Step 1: Identify the dominant buyer risk in your vertical.

  • Financial risk (fintech, SaaS): buyers worry about wasting money or choosing a product that doesn’t integrate. Prioritize pricing, comparison, and integration content.
  • Health or safety risk (healthcare, pharma): buyers worry about bad medical information. Prioritize sourcing, credentials, and regulatory proof.
  • Legal risk (legal services): buyers worry about jurisdiction-specific mistakes. Prioritize practice-area depth and geographic specificity.
  • Performance risk (consumer goods, e-commerce): buyers worry about getting a product that doesn’t meet expectations. Prioritize specs, reviews, and comparison tables.
  • Outcome risk (professional services): buyers worry about hiring a firm that can’t deliver. Prioritize case studies, scope clarity, and named expertise.

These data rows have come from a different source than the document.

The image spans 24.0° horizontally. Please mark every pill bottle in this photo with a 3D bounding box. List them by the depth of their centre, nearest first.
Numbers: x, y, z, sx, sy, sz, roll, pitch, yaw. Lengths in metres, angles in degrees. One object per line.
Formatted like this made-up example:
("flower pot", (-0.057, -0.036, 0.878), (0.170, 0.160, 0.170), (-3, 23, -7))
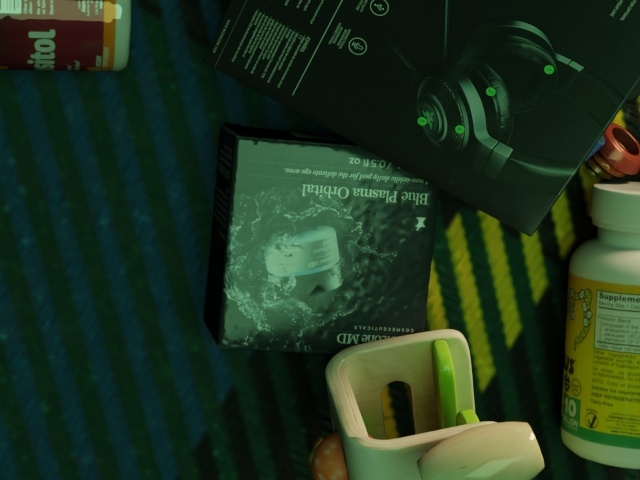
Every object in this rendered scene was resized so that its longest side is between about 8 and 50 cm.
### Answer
("pill bottle", (-0.212, -0.163, 1.063), (0.152, 0.086, 0.086), (0, 98, -10))
("pill bottle", (0.249, 0.062, 1.169), (0.117, 0.117, 0.208), (0, 99, -11))

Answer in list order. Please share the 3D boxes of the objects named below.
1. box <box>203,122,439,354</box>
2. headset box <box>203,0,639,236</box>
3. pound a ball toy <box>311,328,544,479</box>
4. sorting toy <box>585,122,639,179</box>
("box", (0.000, 0.000, 1.125), (0.156, 0.093, 0.158), (4, 99, -12))
("headset box", (0.105, -0.175, 1.021), (0.283, 0.131, 0.246), (27, 125, -2))
("pound a ball toy", (0.071, 0.217, 1.062), (0.135, 0.208, 0.319), (-11, 122, -5))
("sorting toy", (0.205, -0.079, 1.179), (0.102, 0.061, 0.042), (40, 124, -7))

Step 2: Audit your existing content against that risk.

Look at your top ten pages. Do they address the dominant buyer risk directly, with specifics? Or do they talk around it with positioning language? If there’s a gap between what the buyer needs to feel confident and what your pages actually say, that gap is your priority.

Step 3: Build the content the model needs to recommend you confidently.

Start with the trust signals your vertical’s buyers check first, then work backward to the content that produces those signals. A fintech company might start with ungating compliance docs. A law firm might start with jurisdiction-specific Q&A pages. A SaaS company might start with competitor comparison pages. The entry point differs, but the logic is always: reduce the model’s risk of making a bad recommendation by giving it evidence it can cite.

For the structural and technical side of this work, including page format, schema, and prompt clusters, our guide to GEO content, FAQs, prompts, and schema covers the execution detail. For the full strategic framework, see the GEO strategy guide. And for measuring whether any of this is working, our GEO KPIs and benchmarking guide covers the metrics that hold up.

Bottom line

The way to make GEO industry-specific isn’t to memorize vertical playbooks. It’s to figure out what risk your buyers are trying to manage, publish the evidence that addresses that risk, and make it easy for models to find and extract. Everything else is detail.